**WHAT NEEDS TO BE DONE:** Only the pictures are to be omitted; everything else in the listing must be reproduced exactly.

++++ DATA TO PROCESS

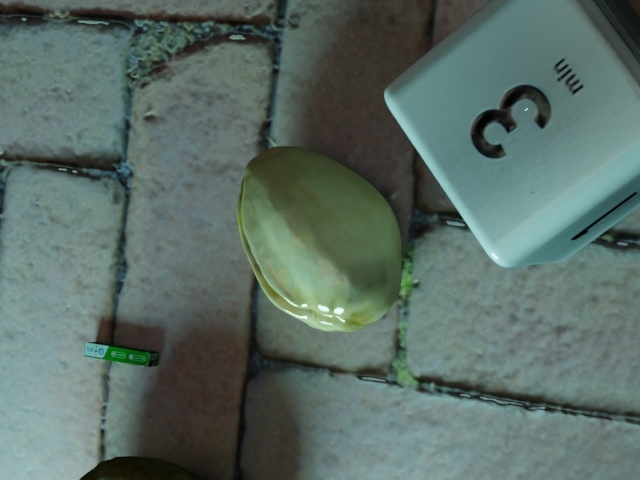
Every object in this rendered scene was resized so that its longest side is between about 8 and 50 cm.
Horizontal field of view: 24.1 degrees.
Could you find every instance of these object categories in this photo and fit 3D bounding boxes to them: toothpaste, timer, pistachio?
[{"bbox_3d":[-0.215,0.122,1.613,0.083,0.020,0.017,7,93,26],"label":"toothpaste"},{"bbox_3d":[0.205,-0.108,1.305,0.195,0.194,0.192,-39,75,22],"label":"timer"},{"bbox_3d":[0.000,0.000,1.459,0.145,0.117,0.200,-28,68,-15],"label":"pistachio"}]

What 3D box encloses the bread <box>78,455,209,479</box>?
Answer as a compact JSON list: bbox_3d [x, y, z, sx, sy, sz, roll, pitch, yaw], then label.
[{"bbox_3d":[-0.170,0.333,1.542,0.230,0.123,0.230,3,97,23],"label":"bread"}]
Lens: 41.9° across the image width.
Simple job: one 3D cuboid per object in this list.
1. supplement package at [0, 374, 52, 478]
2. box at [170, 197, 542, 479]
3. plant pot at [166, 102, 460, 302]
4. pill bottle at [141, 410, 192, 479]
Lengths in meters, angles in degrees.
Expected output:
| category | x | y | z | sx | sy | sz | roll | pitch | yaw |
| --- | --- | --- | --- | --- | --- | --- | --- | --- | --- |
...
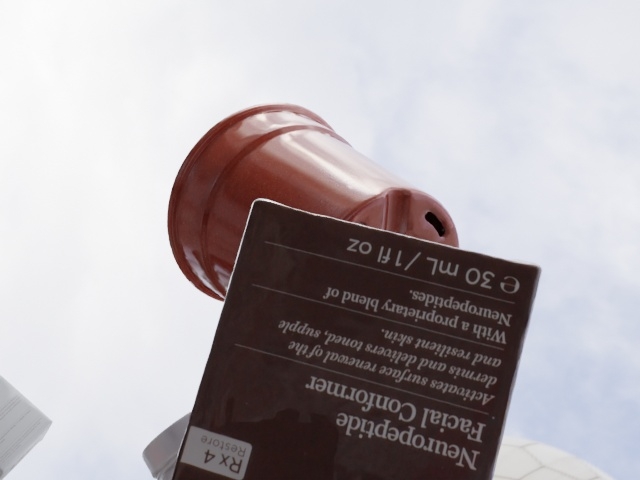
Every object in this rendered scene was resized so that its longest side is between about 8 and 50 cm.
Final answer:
| category | x | y | z | sx | sy | sz | roll | pitch | yaw |
| --- | --- | --- | --- | --- | --- | --- | --- | --- | --- |
| supplement package | -0.509 | 0.262 | 1.248 | 0.179 | 0.105 | 0.105 | 42 | -38 | -1 |
| box | 0.003 | 0.181 | 0.544 | 0.191 | 0.143 | 0.381 | 13 | -98 | 11 |
| plant pot | 0.000 | 0.000 | 0.972 | 0.265 | 0.272 | 0.272 | 31 | -76 | 51 |
| pill bottle | -0.084 | 0.376 | 1.076 | 0.188 | 0.188 | 0.334 | -46 | -109 | 25 |
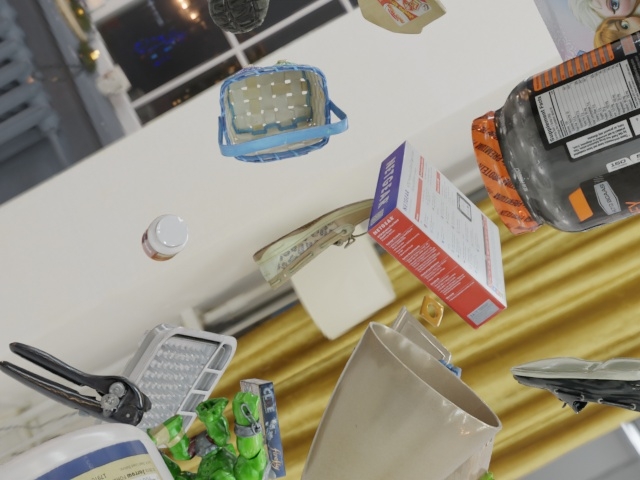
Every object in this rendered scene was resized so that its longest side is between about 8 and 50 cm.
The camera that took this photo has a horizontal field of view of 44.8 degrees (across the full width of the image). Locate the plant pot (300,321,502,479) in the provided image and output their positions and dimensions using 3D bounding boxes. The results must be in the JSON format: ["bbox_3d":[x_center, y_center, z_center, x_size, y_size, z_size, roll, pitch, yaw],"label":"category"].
[{"bbox_3d":[0.100,0.315,1.222,0.256,0.274,0.256,36,6,-5],"label":"plant pot"}]

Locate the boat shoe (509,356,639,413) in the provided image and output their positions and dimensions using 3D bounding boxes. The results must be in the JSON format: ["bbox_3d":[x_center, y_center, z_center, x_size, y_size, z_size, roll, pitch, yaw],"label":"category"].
[{"bbox_3d":[0.559,0.314,1.659,0.127,0.340,0.113,-15,94,-44],"label":"boat shoe"}]

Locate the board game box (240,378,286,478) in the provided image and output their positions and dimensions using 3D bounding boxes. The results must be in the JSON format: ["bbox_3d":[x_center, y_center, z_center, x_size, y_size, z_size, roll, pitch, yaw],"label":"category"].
[{"bbox_3d":[-0.155,0.493,2.057,0.165,0.042,0.243,167,-84,-66],"label":"board game box"}]

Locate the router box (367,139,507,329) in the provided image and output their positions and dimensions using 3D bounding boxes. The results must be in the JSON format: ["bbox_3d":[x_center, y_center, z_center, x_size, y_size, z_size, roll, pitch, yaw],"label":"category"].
[{"bbox_3d":[0.245,-0.023,1.598,0.301,0.082,0.335,41,27,-13],"label":"router box"}]

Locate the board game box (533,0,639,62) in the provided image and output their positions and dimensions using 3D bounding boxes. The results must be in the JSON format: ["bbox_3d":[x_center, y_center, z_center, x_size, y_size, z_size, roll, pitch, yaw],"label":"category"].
[{"bbox_3d":[0.514,-0.376,1.230,0.318,0.066,0.319,-11,-63,51],"label":"board game box"}]

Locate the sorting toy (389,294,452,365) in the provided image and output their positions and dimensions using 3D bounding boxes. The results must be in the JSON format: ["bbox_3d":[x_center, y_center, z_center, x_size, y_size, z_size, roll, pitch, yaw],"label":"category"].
[{"bbox_3d":[0.217,0.282,1.856,0.196,0.047,0.348,47,49,-12],"label":"sorting toy"}]

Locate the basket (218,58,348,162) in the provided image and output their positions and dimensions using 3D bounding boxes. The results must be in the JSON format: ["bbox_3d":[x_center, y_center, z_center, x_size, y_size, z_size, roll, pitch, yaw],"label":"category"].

++++++++

**WRITTEN ANSWER:**
Every object in this rendered scene was resized so that its longest side is between about 8 and 50 cm.
Horizontal field of view: 24.1 degrees.
Could you find every instance of these object categories in this photo and fit 3D bounding boxes to them: toothpaste, timer, pistachio?
[{"bbox_3d":[-0.215,0.122,1.613,0.083,0.020,0.017,7,93,26],"label":"toothpaste"},{"bbox_3d":[0.205,-0.108,1.305,0.195,0.194,0.192,-39,75,22],"label":"timer"},{"bbox_3d":[0.000,0.000,1.459,0.145,0.117,0.200,-28,68,-15],"label":"pistachio"}]

What 3D box encloses the bread <box>78,455,209,479</box>?
Answer as a compact JSON list: bbox_3d [x, y, z, sx, sy, sz, roll, pitch, yaw], then label.
[{"bbox_3d":[-0.170,0.333,1.542,0.230,0.123,0.230,3,97,23],"label":"bread"}]
Lens: 41.9° across the image width.
Simple job: one 3D cuboid per object in this list.
1. supplement package at [0, 374, 52, 478]
2. box at [170, 197, 542, 479]
3. plant pot at [166, 102, 460, 302]
4. pill bottle at [141, 410, 192, 479]
Lengths in meters, angles in degrees.
Expected output:
| category | x | y | z | sx | sy | sz | roll | pitch | yaw |
| --- | --- | --- | --- | --- | --- | --- | --- | --- | --- |
...
Every object in this rendered scene was resized so that its longest side is between about 8 and 50 cm.
Final answer:
| category | x | y | z | sx | sy | sz | roll | pitch | yaw |
| --- | --- | --- | --- | --- | --- | --- | --- | --- | --- |
| supplement package | -0.509 | 0.262 | 1.248 | 0.179 | 0.105 | 0.105 | 42 | -38 | -1 |
| box | 0.003 | 0.181 | 0.544 | 0.191 | 0.143 | 0.381 | 13 | -98 | 11 |
| plant pot | 0.000 | 0.000 | 0.972 | 0.265 | 0.272 | 0.272 | 31 | -76 | 51 |
| pill bottle | -0.084 | 0.376 | 1.076 | 0.188 | 0.188 | 0.334 | -46 | -109 | 25 |
Every object in this rendered scene was resized so that its longest side is between about 8 and 50 cm.
The camera that took this photo has a horizontal field of view of 44.8 degrees (across the full width of the image). Locate the plant pot (300,321,502,479) in the provided image and output their positions and dimensions using 3D bounding boxes. The results must be in the JSON format: ["bbox_3d":[x_center, y_center, z_center, x_size, y_size, z_size, roll, pitch, yaw],"label":"category"].
[{"bbox_3d":[0.100,0.315,1.222,0.256,0.274,0.256,36,6,-5],"label":"plant pot"}]

Locate the boat shoe (509,356,639,413) in the provided image and output their positions and dimensions using 3D bounding boxes. The results must be in the JSON format: ["bbox_3d":[x_center, y_center, z_center, x_size, y_size, z_size, roll, pitch, yaw],"label":"category"].
[{"bbox_3d":[0.559,0.314,1.659,0.127,0.340,0.113,-15,94,-44],"label":"boat shoe"}]

Locate the board game box (240,378,286,478) in the provided image and output their positions and dimensions using 3D bounding boxes. The results must be in the JSON format: ["bbox_3d":[x_center, y_center, z_center, x_size, y_size, z_size, roll, pitch, yaw],"label":"category"].
[{"bbox_3d":[-0.155,0.493,2.057,0.165,0.042,0.243,167,-84,-66],"label":"board game box"}]

Locate the router box (367,139,507,329) in the provided image and output their positions and dimensions using 3D bounding boxes. The results must be in the JSON format: ["bbox_3d":[x_center, y_center, z_center, x_size, y_size, z_size, roll, pitch, yaw],"label":"category"].
[{"bbox_3d":[0.245,-0.023,1.598,0.301,0.082,0.335,41,27,-13],"label":"router box"}]

Locate the board game box (533,0,639,62) in the provided image and output their positions and dimensions using 3D bounding boxes. The results must be in the JSON format: ["bbox_3d":[x_center, y_center, z_center, x_size, y_size, z_size, roll, pitch, yaw],"label":"category"].
[{"bbox_3d":[0.514,-0.376,1.230,0.318,0.066,0.319,-11,-63,51],"label":"board game box"}]

Locate the sorting toy (389,294,452,365) in the provided image and output their positions and dimensions using 3D bounding boxes. The results must be in the JSON format: ["bbox_3d":[x_center, y_center, z_center, x_size, y_size, z_size, roll, pitch, yaw],"label":"category"].
[{"bbox_3d":[0.217,0.282,1.856,0.196,0.047,0.348,47,49,-12],"label":"sorting toy"}]

Locate the basket (218,58,348,162) in the provided image and output their positions and dimensions using 3D bounding boxes. The results must be in the JSON format: ["bbox_3d":[x_center, y_center, z_center, x_size, y_size, z_size, roll, pitch, yaw],"label":"category"].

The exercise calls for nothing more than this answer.